What the task requires
In the entries below, find every line with the string "name" and copy it.

BEGIN Extracted material

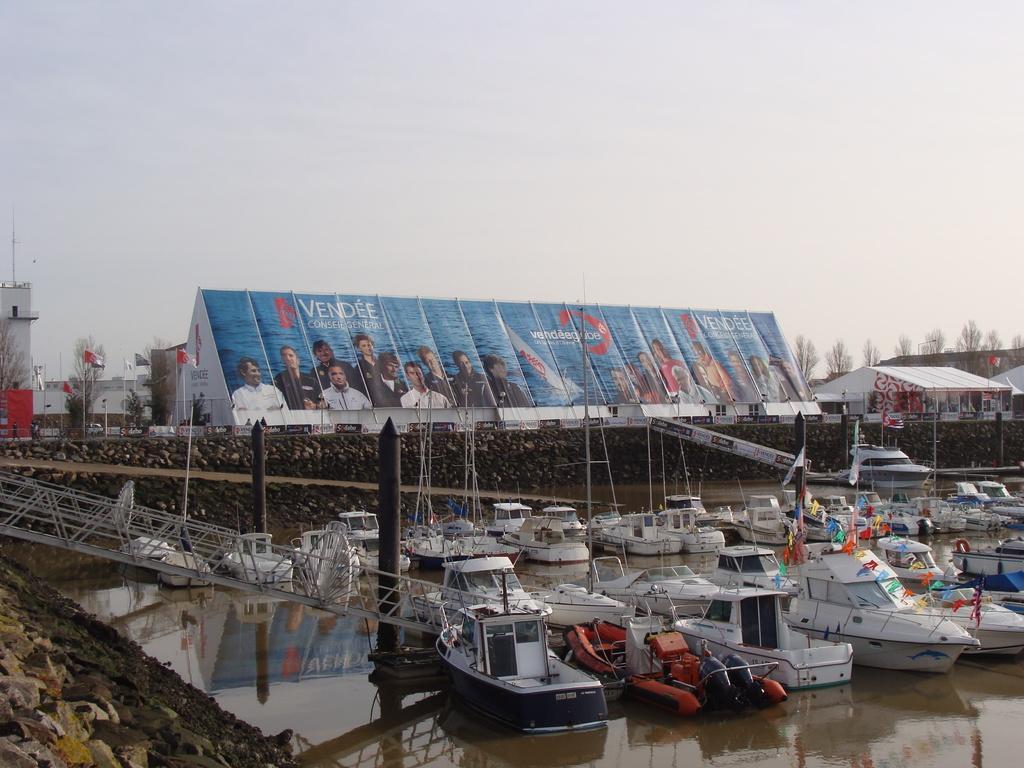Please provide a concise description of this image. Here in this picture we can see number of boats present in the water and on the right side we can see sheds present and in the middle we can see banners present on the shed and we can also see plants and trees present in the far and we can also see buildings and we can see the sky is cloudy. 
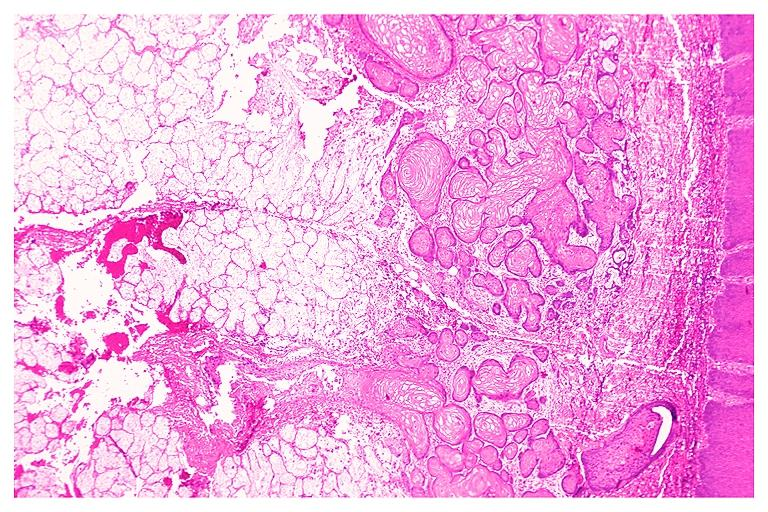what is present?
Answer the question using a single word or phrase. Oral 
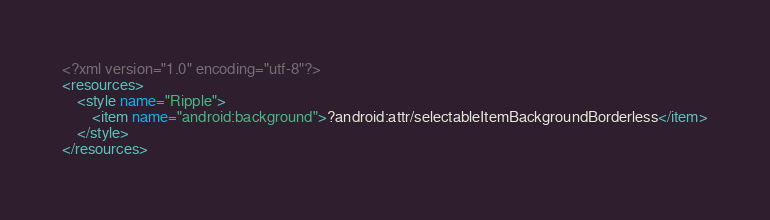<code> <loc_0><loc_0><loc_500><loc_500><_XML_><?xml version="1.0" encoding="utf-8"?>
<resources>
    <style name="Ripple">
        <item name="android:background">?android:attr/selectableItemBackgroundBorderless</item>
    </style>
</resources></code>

END Extracted material
BEGIN Extracted material

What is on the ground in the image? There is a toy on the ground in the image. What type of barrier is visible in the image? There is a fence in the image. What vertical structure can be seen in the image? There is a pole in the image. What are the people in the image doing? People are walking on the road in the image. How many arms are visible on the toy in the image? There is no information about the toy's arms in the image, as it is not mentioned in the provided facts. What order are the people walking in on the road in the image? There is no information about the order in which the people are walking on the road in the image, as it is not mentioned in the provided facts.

END Extracted material

Answer section
    <style name="Ripple">
        <item name="android:background">?android:attr/selectableItemBackgroundBorderless</item>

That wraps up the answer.